Стремясь воспрепятствовать подобным планам, продолжал Гендин, ГРУ развернуло в Западной Европе сеть резидентур. Исходя из этого, А. М. Гуревичу первоначально ставилась задача подготовиться не к разведывательной работе, а лишь к выполнению обязанностей радиста и шифровальщика. В искренности подобных слов стоило усомниться: слишком уж много внимания уделял главный руководитель военной разведки страны скромной персоне будущего радиста и шифровальщика.
Косвенные факты, в том числе и то, что Гендин детально интересовался настроением и жизненными планами А. М. Гуревича, говорят о многом. Он даже выспрашивал у Анатолия, есть ли у него невеста, а узнав, что в Ленинграде живет Елена Евсеевна Константинова, к отношениям с которой начинающий разведчик относился очень серьезно, дал указание комбригу Бронину включить ее в список лиц, с которыми Анатолию Марковичу в дальнейшем будет разрешено вести переписку.
В глубине души А. М. Гуревича угнетали и даже раздражали подобного рода ограничения и предосторожности. Но душа человека противоречива. Куда сильнее в нем было чувство гордости от причастности к этой серьезной и очень секретной деятельности. Воспитанный в советской стране, являясь членом комсомольской организации, он свято верил не только и не столько Сталину, сколько в идеи мировой социалистической революции, которая представлялась ему, как и миллионам советских людей, величайшей справедливостью на земле.
Анатолия разместили недалеко от Москвы, в хорошо охраняемой небольшой усадьбе. В доме проживали лишь два человека: он и какая-то женщина, по виду – американка. Английским языком он не владел, она русского почти не знала, так что они не общались.

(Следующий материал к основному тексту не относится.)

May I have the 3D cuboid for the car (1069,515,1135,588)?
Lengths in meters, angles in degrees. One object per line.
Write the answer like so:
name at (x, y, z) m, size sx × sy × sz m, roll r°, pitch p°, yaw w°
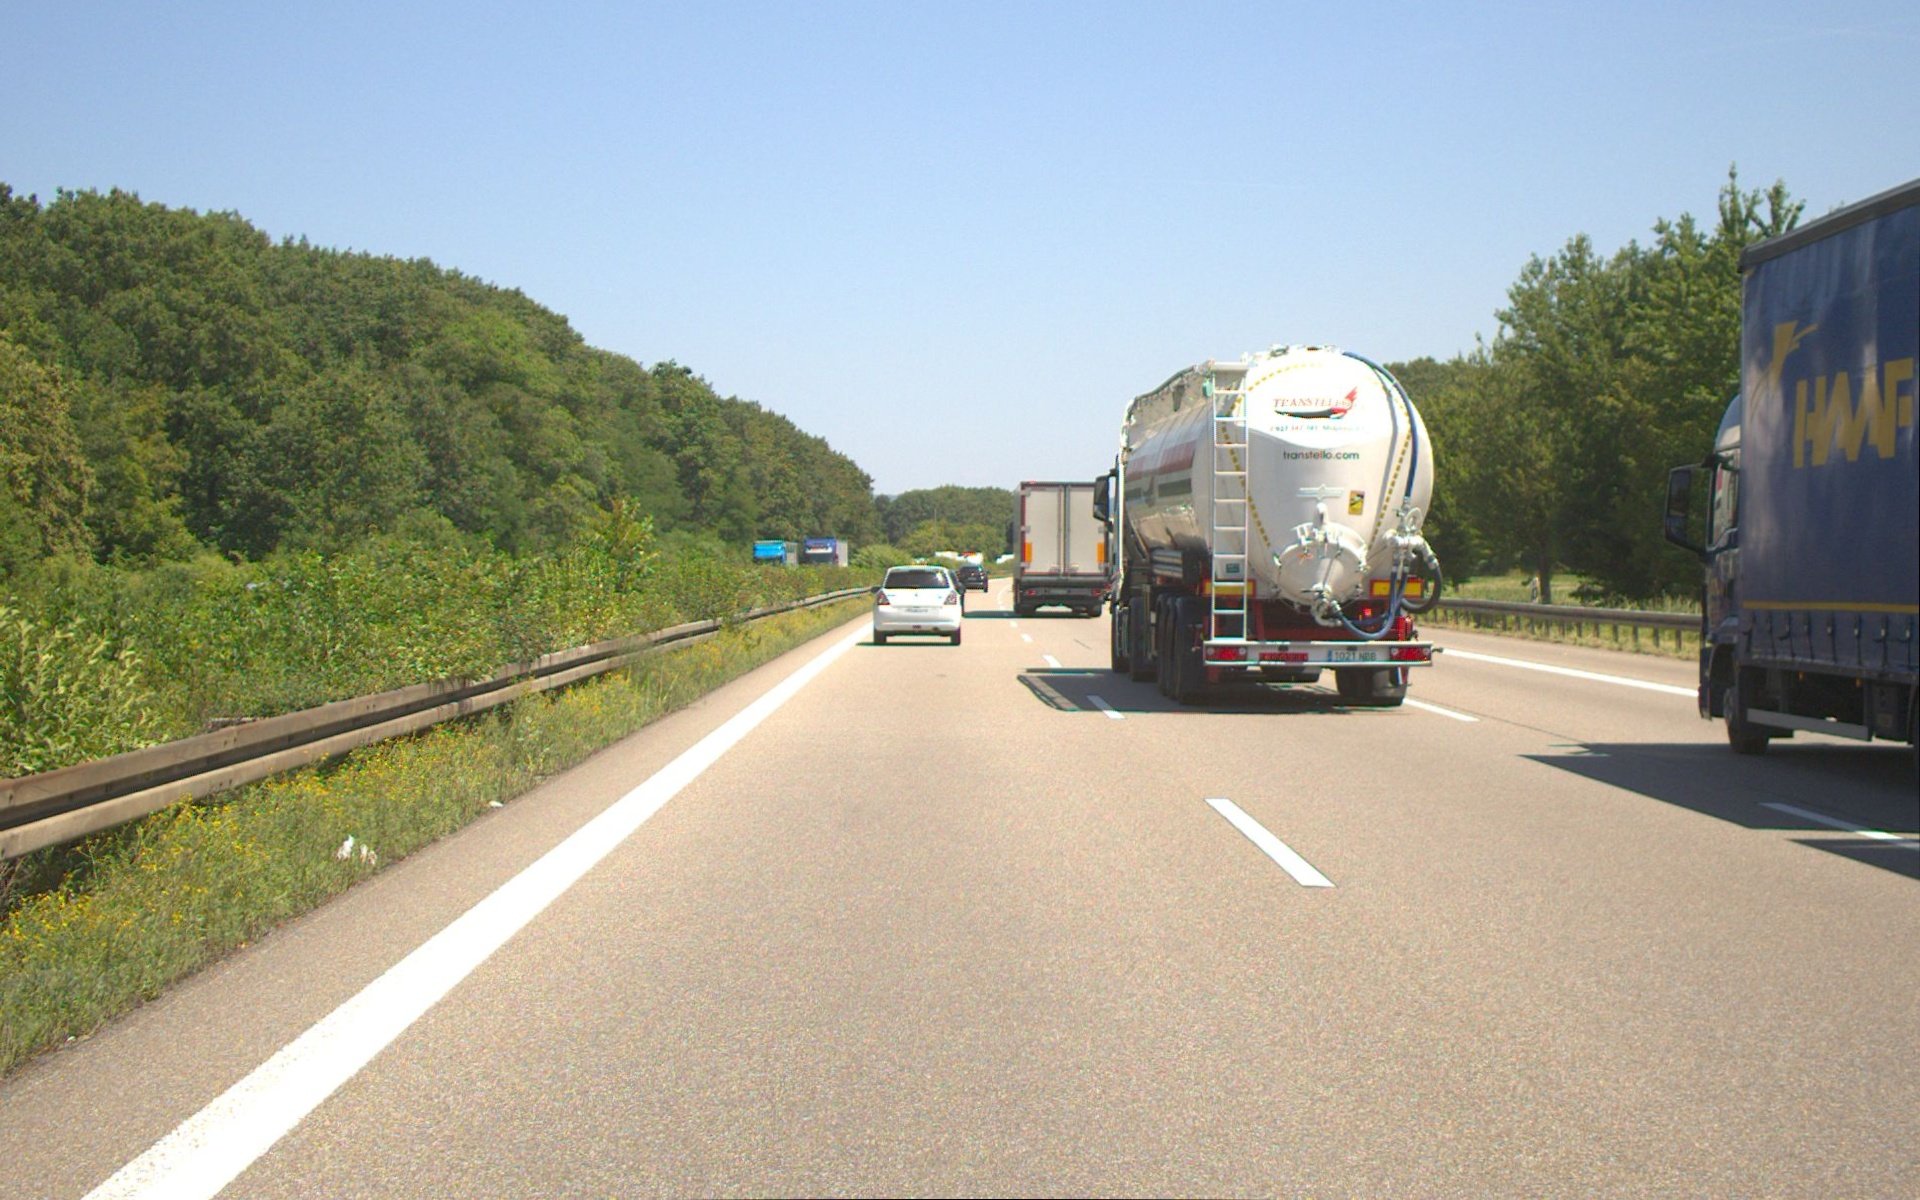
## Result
car at (6.394, -2.198, 155.358) m, size 2.669 × 3.179 × 5.567 m, roll 1°, pitch 1°, yaw -1°

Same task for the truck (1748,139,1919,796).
truck at (7.603, -0.758, 18.136) m, size 3.109 × 4.124 × 15.512 m, roll 1°, pitch 1°, yaw -1°

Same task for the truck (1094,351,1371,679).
truck at (3.553, -1.130, 46.708) m, size 2.911 × 4.065 × 7.196 m, roll 1°, pitch 1°, yaw -2°

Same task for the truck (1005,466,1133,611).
truck at (3.266, -1.905, 106.481) m, size 3.394 × 4.199 × 12.084 m, roll 1°, pitch 1°, yaw -1°

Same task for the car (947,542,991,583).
car at (0.488, -2.199, 200.571) m, size 2.475 × 2.346 × 5.182 m, roll 1°, pitch 1°, yaw -1°

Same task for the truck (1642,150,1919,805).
truck at (7.525, -0.818, 25.699) m, size 3.109 × 4.124 × 8.057 m, roll 1°, pitch 1°, yaw -1°

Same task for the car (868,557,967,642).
car at (-0.844, -0.031, 66.676) m, size 1.799 × 1.546 × 3.610 m, roll 1°, pitch 1°, yaw -2°

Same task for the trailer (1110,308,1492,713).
trailer at (3.730, -1.014, 41.065) m, size 2.911 × 4.055 × 12.419 m, roll 1°, pitch 1°, yaw -2°

Зато были другие люди, которые не расставались с ним с утра до вечера. Несколько командиров Красной армии напряженно учили его работе с радиопередатчиком, радиоприемником, обучали премудростям шифровального дела. Последнее получалось у А. М. Гуревича особенно хорошо. Успехи были столь заметны, что инструкторы были уверены, что он имеет специальное математическое образование.
Эта учеба, несмотря на всю ее интенсивность и квалифицированность инструкторов, как показала дальнейшая жизнь, была крайне поверхностна. Это частично подтверждает правоту печального вывода о том, что вопреки распространившемуся у обывателей мнению подготовка советских военных разведчиков накануне Второй мировой войны была далека от совершенства. Она отдавала кустарщиной не сложившегося еще опыта военной разведки. Быть может, наиболее уязвимым местом в подготовке будущих разведчиков было то, что они не представляли себе специфики жизни нелегала в совершенно незнакомом обществе.